Il était une fois un groupe de linguistes ineptes qui s’étaient acoquinés à un gouvernement indépendantiste félon pour promouvoir un horrible et rétrograde projet politique aux dépens des plus hauts intérêts de la science. Les coquins n’hésitèrent pas un moment : ils détroussèrent le bon peuple et empochèrent ses avoirs. En possession de sommes colossales, ces barbares endogénistes purent mener à bien leurs terribles desseins : ils firent main basse sur la langue et réalisèrent un dictionnaire[3] valorisant une variété de langue truffée d’anglicismes et d’impropriétés. Ils « se livr[èrent] à un travail de sape contre l’unité linguistique francophone » (p. 347), au moment même où l’ennemi anglais était à ses portes. C’était un coup bas des ineptes linguistes. Pire encore si l’on songe que le pauvre peuple québécois souffre d’un mal étrange, la diglossie, un genre de schizophrénie qui lui fait préférer le franbécois, une variété basse de la langue, au français standard, langue de la noblesse, vers lequel il tend sans le savoir.
Le noble Meney, chevalier de la langue, est incapable de supporter ces massacres et ces souffrances : il coiffe le panache blanc de ce Gascon d’Henri IV, enfourche le cheval – tout aussi blanc – de ce Corse de Napoléon et part à l’assaut pour défendre le français, le seul, le pur, le vrai, le beau, celui de la douce France, et pour éradiquer du Québec le français québécois qui répand la terreur. Sus à l’ennemi ! Pas de quartier pour la racaille ! Son armure de chevalier blanc lui mérite tous les honneurs. Des chroniqueurs l’acclament, voient en lui le sauveur de la langue. Certains d’entre eux bâclent leur article, pressés qu’ils sont de se procurer le livre du grand auteur. (L’avez-vous fini, Monsieur Rioux ? Madame Gagnon ?)
Linguistique et colonialisme
Meney publiait en 1999 le Dictionnaire québécois-français[4], où il recense des mots typiquement québécois qu’il traduit en français hexagonal. Cet ouvrage a donc les caractéristiques d’un dictionnaire bilingue québécois-français. Quelques incongruités surprennent dans ce dictionnaire : d’abord, la rubrique Rions un peu, glissée parfois entre deux définitions, avec, entre autres, les éternelles perles tirées de lettres envoyées au bureau des allocations familiales ou des blagues de Claude Blanchard ; ensuite, certains articles, celui sur la concordance des temps par exemple, qui est un simple relevé d’erreurs trouvées dans des journaux québécois. On voit, déjà dans cet ouvrage, l’estime que Meney accorde au français qui est utilisé au Québec.
Dans Main basse sur la langue, Meney admet que la langue américaine existe (p. 456), mais pas le français québécois, puisque le Québec n’est ni assez peuplé, ni assez riche, ni assez puissant pour se payer le luxe d’une langue. Pour lui, il n’y a donc pas en Amérique du Nord une variété de français qui, tout en utilisant la même grammaire et la même syntaxe que le français de référence, possède des mots qui lui sont propres et sont, au Québec, considérés comme du bon français, du français standard québécois. On peut penser, entre autres, aux mots soulier, fin de semaine, poitrine de poulet, cégep, traversier ou magasinage. Donner place à ces mots (et à bien d’autres) dans un dictionnaire de langue reviendrait, selon Meney, à « officialiser une norme de niveau inférieur » (p. 59), à donner au joual ses lettres de noblesse. Le français utilisé au Québec, le franbécois, comme il l’appelle, ne conviendrait qu’au registre familier et ne devrait donc pas être pris au sérieux.

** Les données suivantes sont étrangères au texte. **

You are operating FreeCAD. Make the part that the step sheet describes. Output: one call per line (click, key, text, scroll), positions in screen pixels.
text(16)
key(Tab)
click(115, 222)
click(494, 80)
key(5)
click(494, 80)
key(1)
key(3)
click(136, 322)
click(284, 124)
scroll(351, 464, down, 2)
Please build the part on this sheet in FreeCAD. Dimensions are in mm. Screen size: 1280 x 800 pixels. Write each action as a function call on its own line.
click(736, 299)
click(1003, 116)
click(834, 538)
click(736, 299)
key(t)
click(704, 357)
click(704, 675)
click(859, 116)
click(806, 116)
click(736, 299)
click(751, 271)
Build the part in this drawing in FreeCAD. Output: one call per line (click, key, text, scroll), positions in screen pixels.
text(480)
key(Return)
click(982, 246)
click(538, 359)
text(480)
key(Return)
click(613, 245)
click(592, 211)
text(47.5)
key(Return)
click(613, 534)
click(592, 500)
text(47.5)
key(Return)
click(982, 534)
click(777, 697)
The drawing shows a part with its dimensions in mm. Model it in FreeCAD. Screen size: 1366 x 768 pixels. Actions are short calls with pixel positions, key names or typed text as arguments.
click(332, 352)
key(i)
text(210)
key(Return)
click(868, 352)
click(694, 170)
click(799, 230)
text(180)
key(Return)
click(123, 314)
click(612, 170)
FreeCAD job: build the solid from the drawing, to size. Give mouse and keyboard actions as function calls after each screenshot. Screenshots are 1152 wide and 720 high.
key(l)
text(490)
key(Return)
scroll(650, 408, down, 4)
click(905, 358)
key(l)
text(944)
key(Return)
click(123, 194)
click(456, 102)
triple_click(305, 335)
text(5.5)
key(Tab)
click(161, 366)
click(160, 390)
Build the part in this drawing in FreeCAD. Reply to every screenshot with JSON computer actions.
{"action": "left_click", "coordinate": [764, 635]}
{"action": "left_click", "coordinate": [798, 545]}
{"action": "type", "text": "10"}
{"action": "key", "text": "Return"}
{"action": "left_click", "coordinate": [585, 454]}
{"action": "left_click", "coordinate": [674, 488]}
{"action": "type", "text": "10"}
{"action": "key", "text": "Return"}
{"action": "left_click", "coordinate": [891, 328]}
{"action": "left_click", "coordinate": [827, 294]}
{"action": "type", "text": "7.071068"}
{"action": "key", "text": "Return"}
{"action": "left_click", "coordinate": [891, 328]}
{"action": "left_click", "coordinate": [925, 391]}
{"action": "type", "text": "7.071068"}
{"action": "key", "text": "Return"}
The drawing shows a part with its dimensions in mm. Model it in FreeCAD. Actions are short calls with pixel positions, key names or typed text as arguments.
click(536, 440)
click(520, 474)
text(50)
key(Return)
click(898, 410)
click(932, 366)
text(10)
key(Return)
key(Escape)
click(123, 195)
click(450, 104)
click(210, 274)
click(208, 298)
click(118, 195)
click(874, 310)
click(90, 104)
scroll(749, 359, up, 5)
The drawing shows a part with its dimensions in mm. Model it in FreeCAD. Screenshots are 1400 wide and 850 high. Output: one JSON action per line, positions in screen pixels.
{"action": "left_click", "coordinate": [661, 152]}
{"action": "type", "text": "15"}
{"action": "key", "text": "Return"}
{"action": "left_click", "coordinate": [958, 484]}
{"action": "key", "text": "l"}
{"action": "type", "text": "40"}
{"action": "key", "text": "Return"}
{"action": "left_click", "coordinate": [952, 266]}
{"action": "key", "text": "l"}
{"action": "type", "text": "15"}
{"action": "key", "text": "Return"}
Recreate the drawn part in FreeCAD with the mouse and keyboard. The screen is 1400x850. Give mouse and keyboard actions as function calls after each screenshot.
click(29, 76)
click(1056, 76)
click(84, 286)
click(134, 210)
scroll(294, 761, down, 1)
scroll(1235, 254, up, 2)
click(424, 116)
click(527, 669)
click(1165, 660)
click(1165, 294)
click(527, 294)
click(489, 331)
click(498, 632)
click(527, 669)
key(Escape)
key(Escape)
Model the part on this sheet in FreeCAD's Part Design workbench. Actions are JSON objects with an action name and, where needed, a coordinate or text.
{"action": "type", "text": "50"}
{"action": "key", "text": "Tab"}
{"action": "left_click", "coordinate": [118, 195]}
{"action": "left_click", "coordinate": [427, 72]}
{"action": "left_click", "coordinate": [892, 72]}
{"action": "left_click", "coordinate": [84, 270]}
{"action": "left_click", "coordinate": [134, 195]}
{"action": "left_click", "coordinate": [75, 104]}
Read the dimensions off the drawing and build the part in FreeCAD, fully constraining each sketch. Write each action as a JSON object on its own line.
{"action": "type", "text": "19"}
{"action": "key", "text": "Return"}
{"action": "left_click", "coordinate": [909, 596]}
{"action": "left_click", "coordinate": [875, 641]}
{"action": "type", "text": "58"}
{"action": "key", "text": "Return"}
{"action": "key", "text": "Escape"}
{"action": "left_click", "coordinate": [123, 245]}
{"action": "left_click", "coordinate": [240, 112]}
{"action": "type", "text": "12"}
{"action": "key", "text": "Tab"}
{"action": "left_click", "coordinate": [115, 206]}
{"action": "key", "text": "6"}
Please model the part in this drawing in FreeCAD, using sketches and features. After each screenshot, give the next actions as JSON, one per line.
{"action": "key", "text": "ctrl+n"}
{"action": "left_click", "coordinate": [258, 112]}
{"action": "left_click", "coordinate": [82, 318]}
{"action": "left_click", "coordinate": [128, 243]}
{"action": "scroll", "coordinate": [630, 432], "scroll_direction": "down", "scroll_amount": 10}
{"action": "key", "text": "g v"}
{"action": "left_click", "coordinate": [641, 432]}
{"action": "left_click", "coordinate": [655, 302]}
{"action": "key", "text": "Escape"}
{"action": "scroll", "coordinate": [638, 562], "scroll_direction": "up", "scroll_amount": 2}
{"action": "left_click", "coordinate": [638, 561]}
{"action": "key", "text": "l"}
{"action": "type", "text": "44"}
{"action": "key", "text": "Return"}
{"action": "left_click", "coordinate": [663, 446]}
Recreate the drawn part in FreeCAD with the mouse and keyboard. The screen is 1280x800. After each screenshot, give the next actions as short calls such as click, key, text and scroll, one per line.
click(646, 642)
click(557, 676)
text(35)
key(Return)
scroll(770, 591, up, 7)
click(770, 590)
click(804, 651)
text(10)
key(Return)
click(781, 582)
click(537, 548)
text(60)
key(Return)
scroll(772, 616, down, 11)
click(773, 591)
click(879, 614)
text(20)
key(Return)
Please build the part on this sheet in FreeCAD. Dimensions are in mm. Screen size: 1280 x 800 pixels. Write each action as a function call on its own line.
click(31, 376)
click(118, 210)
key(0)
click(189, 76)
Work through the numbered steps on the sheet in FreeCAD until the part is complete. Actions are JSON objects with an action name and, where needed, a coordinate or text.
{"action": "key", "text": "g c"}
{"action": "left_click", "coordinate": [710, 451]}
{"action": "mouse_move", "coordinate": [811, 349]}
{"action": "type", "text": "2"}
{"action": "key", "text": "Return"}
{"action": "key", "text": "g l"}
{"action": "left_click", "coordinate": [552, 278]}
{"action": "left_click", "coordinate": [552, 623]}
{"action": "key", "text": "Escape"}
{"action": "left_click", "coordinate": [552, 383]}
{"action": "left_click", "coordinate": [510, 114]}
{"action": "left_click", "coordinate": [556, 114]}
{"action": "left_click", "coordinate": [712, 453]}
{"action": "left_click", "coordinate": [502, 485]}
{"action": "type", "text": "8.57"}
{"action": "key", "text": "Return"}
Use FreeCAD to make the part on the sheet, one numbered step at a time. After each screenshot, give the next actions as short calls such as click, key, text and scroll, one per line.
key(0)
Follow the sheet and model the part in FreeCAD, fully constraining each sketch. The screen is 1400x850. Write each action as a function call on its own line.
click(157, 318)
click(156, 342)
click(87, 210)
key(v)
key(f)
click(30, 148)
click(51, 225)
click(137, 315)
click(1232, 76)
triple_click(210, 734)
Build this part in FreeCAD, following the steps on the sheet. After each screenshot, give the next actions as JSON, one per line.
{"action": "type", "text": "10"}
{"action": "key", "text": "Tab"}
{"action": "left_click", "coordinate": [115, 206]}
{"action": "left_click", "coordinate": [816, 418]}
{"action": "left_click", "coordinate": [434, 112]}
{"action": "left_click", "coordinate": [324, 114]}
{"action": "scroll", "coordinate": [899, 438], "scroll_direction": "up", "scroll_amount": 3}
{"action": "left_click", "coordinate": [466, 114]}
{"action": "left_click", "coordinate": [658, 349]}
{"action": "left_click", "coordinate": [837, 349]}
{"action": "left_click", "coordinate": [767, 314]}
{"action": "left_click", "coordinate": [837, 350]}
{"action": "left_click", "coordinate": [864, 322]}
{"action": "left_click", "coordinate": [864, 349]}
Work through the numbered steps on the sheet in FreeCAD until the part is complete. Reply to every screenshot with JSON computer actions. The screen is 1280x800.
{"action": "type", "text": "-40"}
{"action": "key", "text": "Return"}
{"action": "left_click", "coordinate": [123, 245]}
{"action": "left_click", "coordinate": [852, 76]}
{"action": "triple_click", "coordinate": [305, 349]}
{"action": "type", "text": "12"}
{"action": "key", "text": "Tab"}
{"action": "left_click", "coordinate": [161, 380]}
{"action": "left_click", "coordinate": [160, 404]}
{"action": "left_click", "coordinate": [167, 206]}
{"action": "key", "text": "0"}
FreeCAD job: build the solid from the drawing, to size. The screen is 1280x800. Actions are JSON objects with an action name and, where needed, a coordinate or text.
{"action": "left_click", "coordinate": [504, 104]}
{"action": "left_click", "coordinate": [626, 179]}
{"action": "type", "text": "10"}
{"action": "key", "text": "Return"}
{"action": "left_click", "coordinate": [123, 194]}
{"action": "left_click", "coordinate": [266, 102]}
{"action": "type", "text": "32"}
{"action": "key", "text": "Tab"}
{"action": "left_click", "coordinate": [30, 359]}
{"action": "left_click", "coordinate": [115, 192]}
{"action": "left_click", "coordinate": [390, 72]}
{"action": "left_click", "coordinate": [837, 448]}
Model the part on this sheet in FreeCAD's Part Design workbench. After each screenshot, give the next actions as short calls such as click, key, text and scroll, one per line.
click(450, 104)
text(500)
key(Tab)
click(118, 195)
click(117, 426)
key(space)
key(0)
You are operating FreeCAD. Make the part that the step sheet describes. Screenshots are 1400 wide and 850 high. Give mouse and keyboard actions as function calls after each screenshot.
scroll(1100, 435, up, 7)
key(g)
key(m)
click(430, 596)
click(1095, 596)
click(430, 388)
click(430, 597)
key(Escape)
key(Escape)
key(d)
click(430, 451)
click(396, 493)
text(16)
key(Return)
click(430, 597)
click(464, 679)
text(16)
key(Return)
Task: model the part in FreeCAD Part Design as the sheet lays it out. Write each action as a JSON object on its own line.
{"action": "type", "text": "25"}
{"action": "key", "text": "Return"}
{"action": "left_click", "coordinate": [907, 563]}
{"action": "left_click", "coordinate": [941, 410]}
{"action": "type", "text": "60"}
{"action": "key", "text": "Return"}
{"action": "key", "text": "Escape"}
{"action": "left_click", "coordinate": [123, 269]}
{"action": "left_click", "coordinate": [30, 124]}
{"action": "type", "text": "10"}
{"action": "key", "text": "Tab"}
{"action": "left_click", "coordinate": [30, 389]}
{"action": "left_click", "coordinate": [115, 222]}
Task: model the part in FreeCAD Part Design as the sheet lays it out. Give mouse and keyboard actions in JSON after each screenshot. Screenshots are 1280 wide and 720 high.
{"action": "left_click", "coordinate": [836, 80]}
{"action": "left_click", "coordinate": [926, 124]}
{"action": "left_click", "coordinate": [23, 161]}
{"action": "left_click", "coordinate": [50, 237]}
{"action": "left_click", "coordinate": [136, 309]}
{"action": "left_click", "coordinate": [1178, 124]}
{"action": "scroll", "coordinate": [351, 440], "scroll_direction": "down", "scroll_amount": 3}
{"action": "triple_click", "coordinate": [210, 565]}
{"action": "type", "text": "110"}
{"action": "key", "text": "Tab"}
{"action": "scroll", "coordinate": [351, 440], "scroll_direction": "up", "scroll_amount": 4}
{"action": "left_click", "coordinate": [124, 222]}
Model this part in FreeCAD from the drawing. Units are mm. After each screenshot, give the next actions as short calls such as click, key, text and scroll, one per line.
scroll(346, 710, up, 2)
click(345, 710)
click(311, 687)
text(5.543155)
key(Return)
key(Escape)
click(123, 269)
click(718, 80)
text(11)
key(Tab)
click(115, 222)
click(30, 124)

Le français québécois standard n’existe pas, selon Meney. C’est la seule thèse claire de Main basse sur la langue. Mais l’auteur s’empêtre un peu dans son raisonnement : le français québécois n’existerait pas à la fois parce que ce que l’on parle au Québec n’est pas du français et parce que les mots qui y sont employés sont aussi employés ailleurs dans la francophonie[5]. Il avance d’un même souffle que les Québécois sont coupés de la culture française depuis le nationalisme isolationiste qu’a provoqué la Révolution tranquille et qu’ils parlent français de mieux en mieux puisqu’ils s’ouvrent au reste de la francophonie à la suite de la mondialisation des échanges. On n’en est pas à une contradiction près dans l’essai du chevalier blanc. Ajoutons que, pour Meney, les Québécois, repliés sur eux-mêmes, ne possèdent pourtant pas une identité nationale qui justifierait l’existence d’une norme linguistique québécoise. Selon lui, il n’y a pas de langue commune au Québec : la langue des Québécois dépendrait davantage de facteurs individuels (comme le lieu d’origine, la classe sociale, le niveau d’instruction) que de l’appartenance au Québec. On peut donc penser qu’aux yeux de Meney les Québécois ne sont unis que par la diglossie, cette infériorisation linguistique volontaire, ce mauvais choix d’une langue inférieure par une population donnée. Week-end aurait ainsi un statut supérieur à fin de semaine, chaussure à soulier, ferry à traversier... selon quelles normes ? Pour Meney, c’est clair : seule la France est qualifiée pour créer la norme du français, puisqu’elle est le seul pays entièrement francophone. (Colonialiste, Meney ? Qu’allez-vous penser là ?)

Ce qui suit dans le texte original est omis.